The Popularity of Criminals and Cute Hoors

Why voters sometimes keep on rewarding corruption.

Government Buildings, Dublin

Mick Wallace, a property developer, once pocketed over a million Euros from his customers that were supposed to go to the taxman. Despite his dodgy tax affairs being common knowledge, he ran for TD in Wexford in  2011 and got a whopping 13,500 first-preference votes, clinching the seat. Since then he has shown a penchant for refusing to recognize the rule of law or the authority of courts who levy fines resulting in a prison sentence. None of this seems to put a dent in his popularity with his constituents.

Meanwhile in Tipperary, Michael Lowry, a former Fine Gael TD, was found by the Moriarty tribunal to be a tax evader who spent his time as Communications Minister assisting his friend Denis O’Brien to acquire a lucrative mobile phone license. The McCracken Tribunal found that Lowry had evaded tax and had a IR£395,000 extension added to his home as a gift from Ben Dunne, a supermarket businessman. Fine Gael ousted Lowry from the party after numerous criminal investigations, and he responded by running for the same seat as an independent. He promptly topped the poll and remains as popular in his constituency as ever.

Government officials are fond of touting Ireland as a good place to invest on account of the “educated workforce,” yet the voting habits of said workforce would seem to contradict this particular boast. A criminal record, a history of bribe-taking, and a contempt for the rule of law are not just good for the bank accounts of Irish politicians, it is also good for their poll numbers. So are Irish voters a bit slow? Or is there some twisted logic to this celebration of corruption?

In Italy they have two types of people. There are those who play by the rules, wait patiently in line for their turn, but run the risk of never getting served. They are seen as naive and foolish. Then there are those who don’t play by the rules, cut in line, get served first, and hence are seen as smarter. Silvio Berlusconi’s litany of shady dealings and abuse of power did not stop him from serving as Prime Minister for nine years. Such people operate in a society in which corruption is so rife that following the rules is seen as pointless, but flouting them is seen as smart. Hence, higher support for corrupt politicians who know how to game the system.

On the other hand, in countries like Sweden corrupt politicians are given short shrift. Transparency International, an NGO, consistently finds the Nordic countries to be the least corrupt and hence the best places in which to do business. These countries share characteristics that include high levels of press freedom, literacy close to 100 percent, high GDP per capita, low inequality, and a political commitment to combating corruption.

So how can Ireland start looking less Italian and more Nordic in this respect?

One solution is to ban corrupt politicians for running for elected office for ten years. The government tried to enact a rule that would place such a ban on anyone convicted of corruption, only to be told in 2016 by the Office of Attorney General that such a rule would not pass legal muster. Rules about membership of the Dáil are baked into Article 16 of the constitution, and the government’s proposal would violate this.

Subsequently Frances Fitzgerald, the Minister for Justice, issued a memo to the cabinet stating that “an important consideration here is that, where a person is convicted of corruption and subsequently stands for election to the Dáil, voters will . . . make their own judgment.”  Yes, quite.

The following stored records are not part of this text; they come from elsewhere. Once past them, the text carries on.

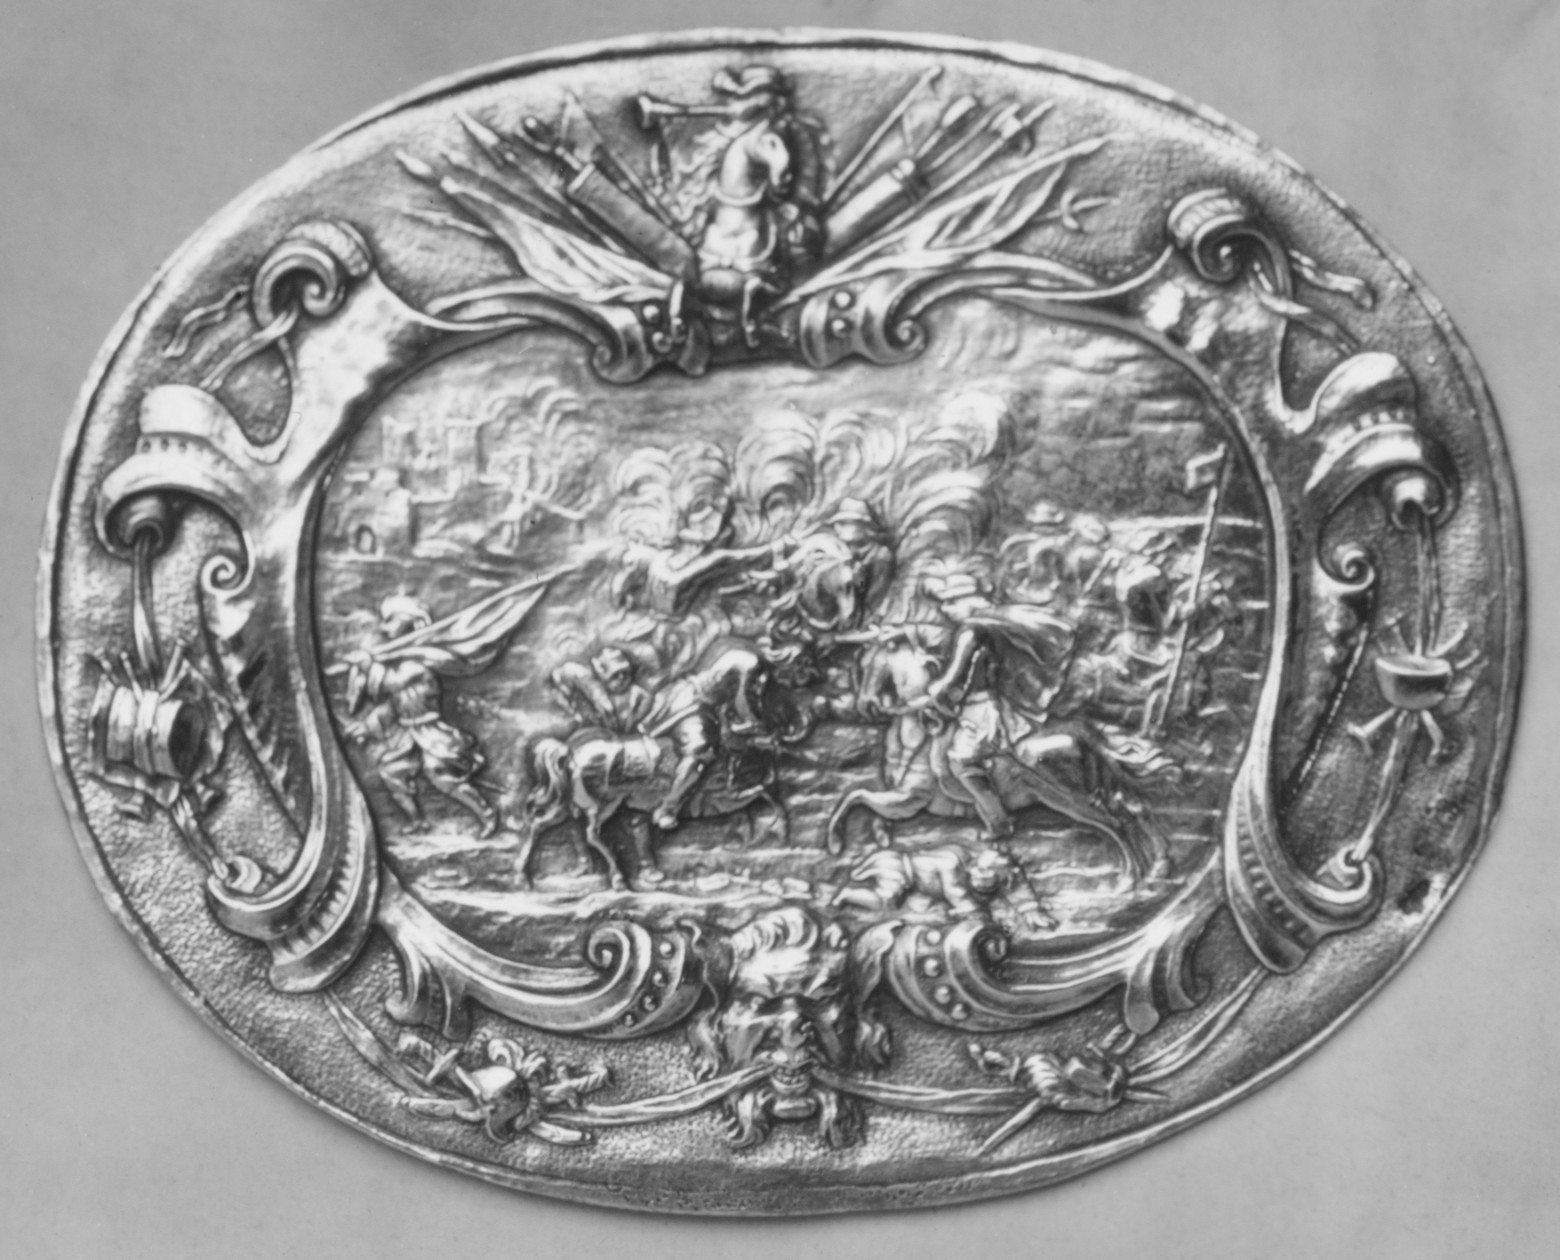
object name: plaque
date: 1801-1900
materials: silver
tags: battles,horses

If past experience is any guide, their judgment will not be logical or even in their own interest.

If voters are to be protected from themselves by way of a ban on bribe-takers holding elected office, a constitutional amendment would be required and that would necessitate a referendum. Any government serious about tackling the problem would pursue the matter and hold such a vote.

That said, Ireland is no banana republic. Transparency International ranks the country fourteenth in the table of cleanliness, only four places behind the UK, not so far behind the Nordics who top the table, and certainly well ahead of Italy, to say nothing of the dictatorships of the global south. But that does not mean the governments should be complacent.

To give credit where due, the government is processing legislation that modernizes a series of anti bribery laws that date back to the nineteenth century and brings it up to date and into line with international agreements. France, Spain, the UK and Germany are all beefing up their laws to make organizations liable if they fail to take steps to prevent people acting on their behalf from making corrupt payments.

The government should also communicate the measures it is taking. The public perception has to be that the institutions work, decisions are made on merit, and bribe-givers and takers should be discouraged by harsh penalties in the high likelihood of getting caught. Only then will clowns like Mick Wallace be banished to the political wilderness where they belong.

As for the North, the upcoming Assembly election will be a referendum on how corrupt the people view the system. Sinn Fein pulled the plug on the executive in the hope that the voters will punish Arlene Foster and the DUP for their dubious dealings in the RHI scandal. If trust in the system is high, the DUP will pay a heavy electoral price. If trust is low and unionist voters are still more interested in thumbing their noses at Sinn Fein than doing anything productive, the DUP could well come back with more seats than before. As the case of Michael Lowry shows, stranger things have happened.